**Required work**
Copy exactly the stretch of data below from the line with "Assume a horizontal FOV of 60.0°." through the line with "Sample output, numbers", including both of those lines.

**Data for processing**
┌──
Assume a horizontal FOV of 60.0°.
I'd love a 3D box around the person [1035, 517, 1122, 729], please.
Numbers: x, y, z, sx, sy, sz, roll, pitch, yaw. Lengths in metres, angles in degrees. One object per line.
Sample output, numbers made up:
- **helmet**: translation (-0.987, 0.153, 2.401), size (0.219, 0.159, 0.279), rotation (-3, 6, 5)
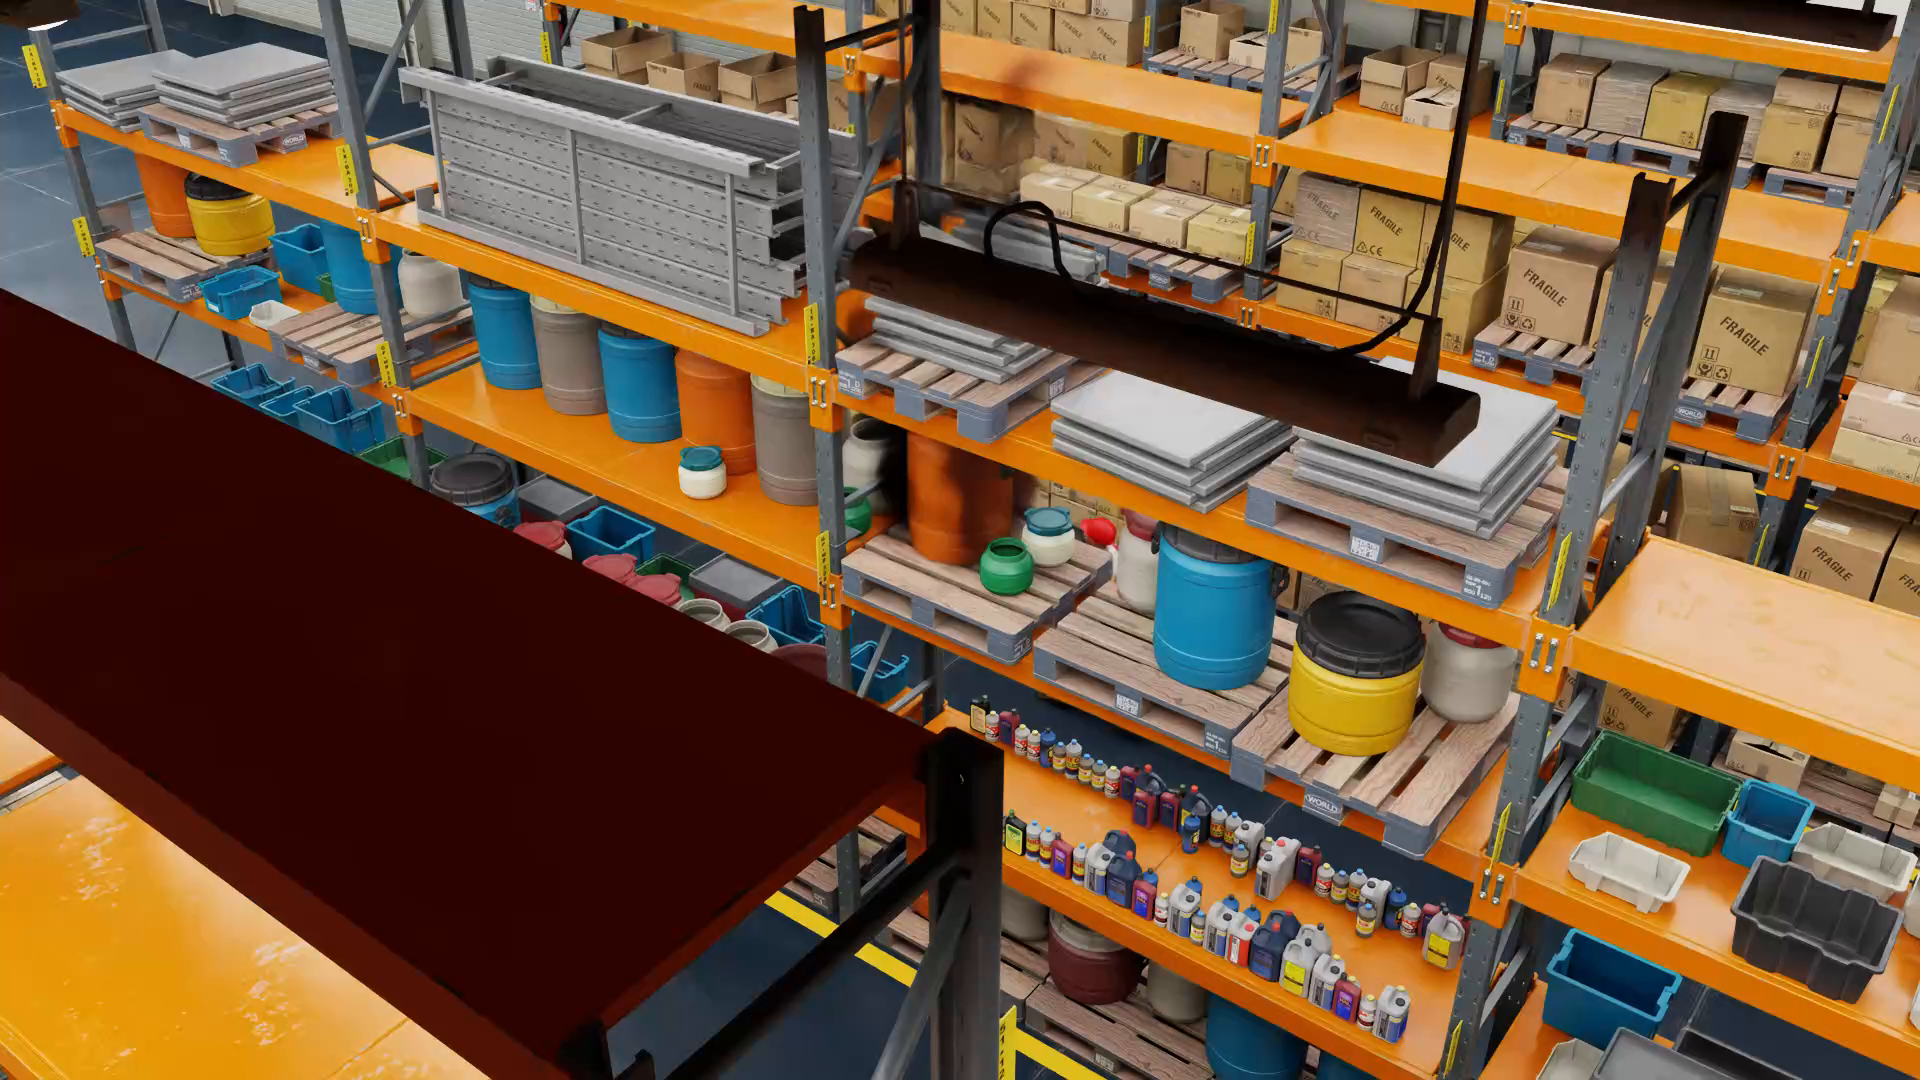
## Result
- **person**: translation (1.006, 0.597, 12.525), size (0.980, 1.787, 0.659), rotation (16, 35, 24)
└──
┌──
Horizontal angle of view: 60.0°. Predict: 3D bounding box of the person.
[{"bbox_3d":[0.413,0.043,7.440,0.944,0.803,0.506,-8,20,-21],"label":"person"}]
└──
**Answer section**
Assume a horizontal FOV of 60.0°.
I'd love a 3D box around the person [1035, 517, 1122, 729], please.
Numbers: x, y, z, sx, sy, sz, roll, pitch, yaw. Lengths in metres, angles in degrees. One object per line.
Sample output, numbers made up:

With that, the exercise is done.